■ TASK OBJECTIVE ■
When you reach the line with "Keep it short and to the point. 6.37e+06." in the data below, begin printing lines exactly, and stop once the line with "Give a very brief answer. 1.01e+06." has been printed.

■ PROVIDED DATA ■
- - - -
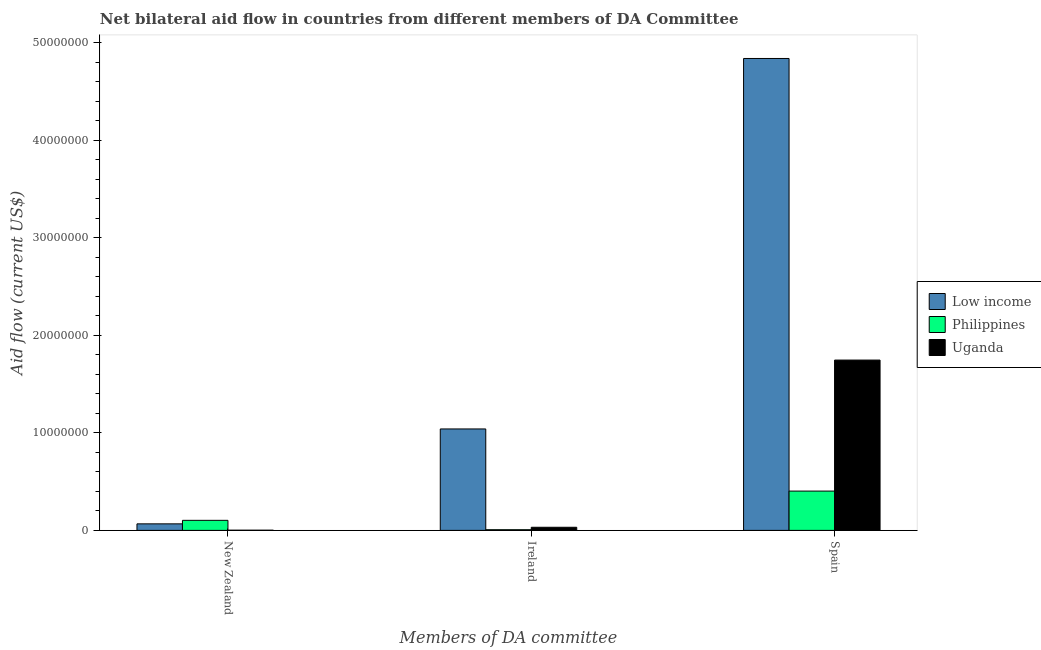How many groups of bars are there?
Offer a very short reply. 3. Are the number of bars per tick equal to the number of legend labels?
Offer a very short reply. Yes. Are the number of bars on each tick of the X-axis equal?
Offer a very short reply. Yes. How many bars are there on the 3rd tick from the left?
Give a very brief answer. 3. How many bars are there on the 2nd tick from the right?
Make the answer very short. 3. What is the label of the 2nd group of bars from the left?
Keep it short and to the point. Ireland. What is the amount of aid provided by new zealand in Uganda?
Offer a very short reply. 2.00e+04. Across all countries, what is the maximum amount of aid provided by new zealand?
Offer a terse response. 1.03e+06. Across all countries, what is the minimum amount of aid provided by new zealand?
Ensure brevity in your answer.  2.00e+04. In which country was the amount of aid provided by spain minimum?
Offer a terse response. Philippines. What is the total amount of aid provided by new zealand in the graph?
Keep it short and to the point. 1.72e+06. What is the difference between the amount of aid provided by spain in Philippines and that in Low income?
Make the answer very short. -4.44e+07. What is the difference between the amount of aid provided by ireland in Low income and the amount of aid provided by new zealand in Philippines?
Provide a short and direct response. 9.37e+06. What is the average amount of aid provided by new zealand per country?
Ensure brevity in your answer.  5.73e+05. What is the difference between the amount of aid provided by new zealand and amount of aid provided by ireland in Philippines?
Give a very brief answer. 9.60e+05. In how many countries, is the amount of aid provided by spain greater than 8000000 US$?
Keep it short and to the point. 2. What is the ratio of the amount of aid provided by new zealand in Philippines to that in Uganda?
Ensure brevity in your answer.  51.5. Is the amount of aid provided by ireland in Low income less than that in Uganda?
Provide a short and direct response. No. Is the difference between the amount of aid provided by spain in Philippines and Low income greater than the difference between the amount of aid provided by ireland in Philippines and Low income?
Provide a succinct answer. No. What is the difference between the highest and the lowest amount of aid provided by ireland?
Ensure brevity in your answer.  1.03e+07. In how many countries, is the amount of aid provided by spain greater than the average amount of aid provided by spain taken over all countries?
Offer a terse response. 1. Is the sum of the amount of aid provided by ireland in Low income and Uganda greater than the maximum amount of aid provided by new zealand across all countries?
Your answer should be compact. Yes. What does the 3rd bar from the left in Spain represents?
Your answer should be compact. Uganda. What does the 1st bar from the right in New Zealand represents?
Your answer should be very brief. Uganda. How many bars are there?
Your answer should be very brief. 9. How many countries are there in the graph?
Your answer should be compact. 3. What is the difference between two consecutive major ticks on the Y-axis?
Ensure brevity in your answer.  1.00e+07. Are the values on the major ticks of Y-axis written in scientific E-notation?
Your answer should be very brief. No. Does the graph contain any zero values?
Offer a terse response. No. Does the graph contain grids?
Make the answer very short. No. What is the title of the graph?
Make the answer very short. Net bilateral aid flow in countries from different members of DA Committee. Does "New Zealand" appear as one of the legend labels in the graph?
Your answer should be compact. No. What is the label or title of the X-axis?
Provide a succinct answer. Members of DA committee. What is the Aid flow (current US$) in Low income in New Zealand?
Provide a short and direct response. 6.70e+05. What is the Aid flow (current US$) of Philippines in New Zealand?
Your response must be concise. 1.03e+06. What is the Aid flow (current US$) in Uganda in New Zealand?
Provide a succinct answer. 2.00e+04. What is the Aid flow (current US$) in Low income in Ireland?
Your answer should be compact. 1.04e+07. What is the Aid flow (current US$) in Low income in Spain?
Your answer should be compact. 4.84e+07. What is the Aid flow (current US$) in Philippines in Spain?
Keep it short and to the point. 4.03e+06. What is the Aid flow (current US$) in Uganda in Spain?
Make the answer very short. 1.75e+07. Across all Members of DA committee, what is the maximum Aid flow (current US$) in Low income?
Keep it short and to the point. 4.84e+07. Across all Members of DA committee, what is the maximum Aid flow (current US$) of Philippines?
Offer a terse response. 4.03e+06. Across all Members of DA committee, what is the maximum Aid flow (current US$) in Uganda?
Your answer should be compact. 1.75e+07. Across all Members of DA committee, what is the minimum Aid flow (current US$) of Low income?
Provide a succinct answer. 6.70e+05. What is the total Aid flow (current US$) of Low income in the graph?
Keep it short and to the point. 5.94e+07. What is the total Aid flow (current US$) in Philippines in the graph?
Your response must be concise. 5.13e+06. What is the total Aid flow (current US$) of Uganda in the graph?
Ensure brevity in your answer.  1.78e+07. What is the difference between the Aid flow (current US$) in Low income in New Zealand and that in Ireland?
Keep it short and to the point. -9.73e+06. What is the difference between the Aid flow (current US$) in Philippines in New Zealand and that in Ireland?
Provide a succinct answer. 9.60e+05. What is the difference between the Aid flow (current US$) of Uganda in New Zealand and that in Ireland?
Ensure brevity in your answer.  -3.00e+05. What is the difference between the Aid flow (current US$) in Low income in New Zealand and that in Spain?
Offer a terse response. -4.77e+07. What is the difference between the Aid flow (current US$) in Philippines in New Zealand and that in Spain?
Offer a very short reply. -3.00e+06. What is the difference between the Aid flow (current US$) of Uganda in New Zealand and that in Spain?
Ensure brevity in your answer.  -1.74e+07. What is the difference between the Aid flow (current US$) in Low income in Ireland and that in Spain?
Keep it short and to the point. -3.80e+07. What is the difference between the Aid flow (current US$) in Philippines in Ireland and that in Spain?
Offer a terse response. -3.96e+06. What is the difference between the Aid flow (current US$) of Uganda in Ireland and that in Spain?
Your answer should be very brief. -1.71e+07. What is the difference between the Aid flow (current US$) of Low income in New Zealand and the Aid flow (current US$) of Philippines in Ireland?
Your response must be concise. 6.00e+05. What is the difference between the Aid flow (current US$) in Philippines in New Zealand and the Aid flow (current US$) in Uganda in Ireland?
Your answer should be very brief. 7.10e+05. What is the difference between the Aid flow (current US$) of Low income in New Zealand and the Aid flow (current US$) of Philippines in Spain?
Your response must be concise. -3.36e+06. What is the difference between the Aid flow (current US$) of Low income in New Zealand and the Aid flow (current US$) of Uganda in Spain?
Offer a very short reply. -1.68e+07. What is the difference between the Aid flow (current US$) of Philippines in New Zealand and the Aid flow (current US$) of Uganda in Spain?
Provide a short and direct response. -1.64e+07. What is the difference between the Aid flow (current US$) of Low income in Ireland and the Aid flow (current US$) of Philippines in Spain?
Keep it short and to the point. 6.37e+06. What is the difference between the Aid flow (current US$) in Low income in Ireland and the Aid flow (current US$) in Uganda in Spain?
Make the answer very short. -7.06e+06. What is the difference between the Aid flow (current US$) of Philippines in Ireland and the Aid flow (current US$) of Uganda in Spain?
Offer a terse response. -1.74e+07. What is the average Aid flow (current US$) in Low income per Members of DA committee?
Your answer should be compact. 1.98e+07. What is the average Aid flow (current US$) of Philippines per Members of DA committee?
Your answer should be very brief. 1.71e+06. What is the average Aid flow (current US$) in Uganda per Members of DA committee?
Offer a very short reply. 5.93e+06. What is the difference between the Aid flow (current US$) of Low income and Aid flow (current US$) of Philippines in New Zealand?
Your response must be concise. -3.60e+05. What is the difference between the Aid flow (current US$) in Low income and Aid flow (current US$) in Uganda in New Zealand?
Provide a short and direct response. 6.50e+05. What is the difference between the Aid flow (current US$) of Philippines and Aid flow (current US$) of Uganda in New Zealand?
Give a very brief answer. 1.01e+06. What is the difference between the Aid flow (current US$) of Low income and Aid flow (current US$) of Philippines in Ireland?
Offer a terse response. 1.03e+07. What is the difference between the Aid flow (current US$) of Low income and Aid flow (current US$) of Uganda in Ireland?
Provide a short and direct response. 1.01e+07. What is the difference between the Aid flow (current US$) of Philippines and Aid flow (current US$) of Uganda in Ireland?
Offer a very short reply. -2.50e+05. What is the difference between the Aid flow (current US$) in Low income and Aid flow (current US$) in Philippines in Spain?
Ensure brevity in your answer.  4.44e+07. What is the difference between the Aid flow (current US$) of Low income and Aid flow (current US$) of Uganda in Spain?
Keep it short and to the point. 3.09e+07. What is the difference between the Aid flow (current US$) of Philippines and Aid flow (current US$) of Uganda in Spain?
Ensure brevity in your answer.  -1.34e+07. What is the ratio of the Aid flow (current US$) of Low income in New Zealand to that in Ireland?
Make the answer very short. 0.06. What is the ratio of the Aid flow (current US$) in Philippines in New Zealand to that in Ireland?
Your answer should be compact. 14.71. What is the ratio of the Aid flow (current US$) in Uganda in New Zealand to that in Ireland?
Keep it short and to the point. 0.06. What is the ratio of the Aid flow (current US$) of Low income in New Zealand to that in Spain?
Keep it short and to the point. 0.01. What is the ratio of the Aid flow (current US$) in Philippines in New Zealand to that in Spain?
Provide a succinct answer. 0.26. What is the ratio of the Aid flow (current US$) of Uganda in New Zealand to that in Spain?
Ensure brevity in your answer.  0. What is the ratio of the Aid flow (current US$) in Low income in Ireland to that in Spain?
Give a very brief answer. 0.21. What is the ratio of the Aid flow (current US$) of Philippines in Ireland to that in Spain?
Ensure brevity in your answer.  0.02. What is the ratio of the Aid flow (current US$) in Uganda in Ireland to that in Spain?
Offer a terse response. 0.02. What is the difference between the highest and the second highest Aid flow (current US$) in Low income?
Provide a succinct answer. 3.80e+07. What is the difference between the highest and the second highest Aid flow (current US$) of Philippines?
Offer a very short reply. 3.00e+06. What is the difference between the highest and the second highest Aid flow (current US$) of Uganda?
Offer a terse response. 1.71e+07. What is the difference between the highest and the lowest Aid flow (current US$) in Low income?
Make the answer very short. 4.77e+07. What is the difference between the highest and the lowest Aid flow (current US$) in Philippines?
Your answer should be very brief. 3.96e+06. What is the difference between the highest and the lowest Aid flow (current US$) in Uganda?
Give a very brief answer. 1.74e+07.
- - - -
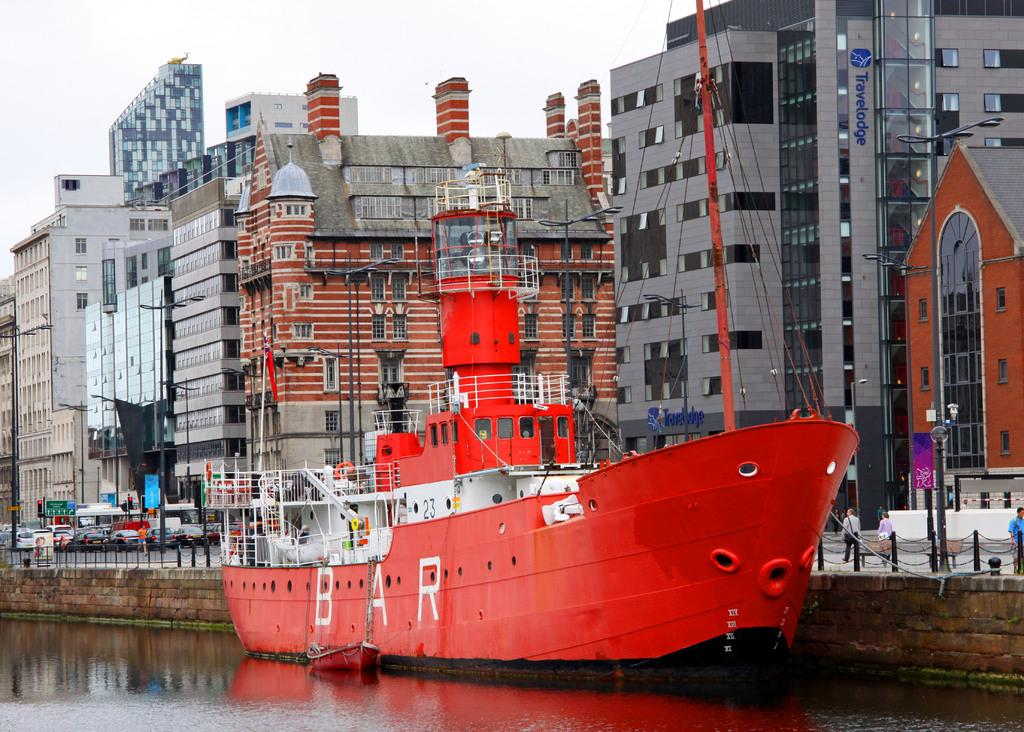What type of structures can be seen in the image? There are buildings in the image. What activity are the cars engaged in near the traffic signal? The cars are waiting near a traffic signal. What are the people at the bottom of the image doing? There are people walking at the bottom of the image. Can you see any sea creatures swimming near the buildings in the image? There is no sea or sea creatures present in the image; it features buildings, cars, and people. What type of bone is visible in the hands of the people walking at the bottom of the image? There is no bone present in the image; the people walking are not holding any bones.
- - - -
■ ANSWER SPACE ■
Keep it short and to the point. 6.37e+06. What is the difference between the Aid flow (current US$) in Low income in Ireland and the Aid flow (current US$) in Uganda in Spain?
Make the answer very short. -7.06e+06. What is the difference between the Aid flow (current US$) of Philippines in Ireland and the Aid flow (current US$) of Uganda in Spain?
Offer a terse response. -1.74e+07. What is the average Aid flow (current US$) in Low income per Members of DA committee?
Your answer should be compact. 1.98e+07. What is the average Aid flow (current US$) of Philippines per Members of DA committee?
Your answer should be very brief. 1.71e+06. What is the average Aid flow (current US$) in Uganda per Members of DA committee?
Offer a very short reply. 5.93e+06. What is the difference between the Aid flow (current US$) of Low income and Aid flow (current US$) of Philippines in New Zealand?
Your response must be concise. -3.60e+05. What is the difference between the Aid flow (current US$) in Low income and Aid flow (current US$) in Uganda in New Zealand?
Provide a short and direct response. 6.50e+05. What is the difference between the Aid flow (current US$) of Philippines and Aid flow (current US$) of Uganda in New Zealand?
Give a very brief answer. 1.01e+06. What is the difference between the Aid flow (current US$) of Low income and Aid flow (current US$) of Philippines in Ireland?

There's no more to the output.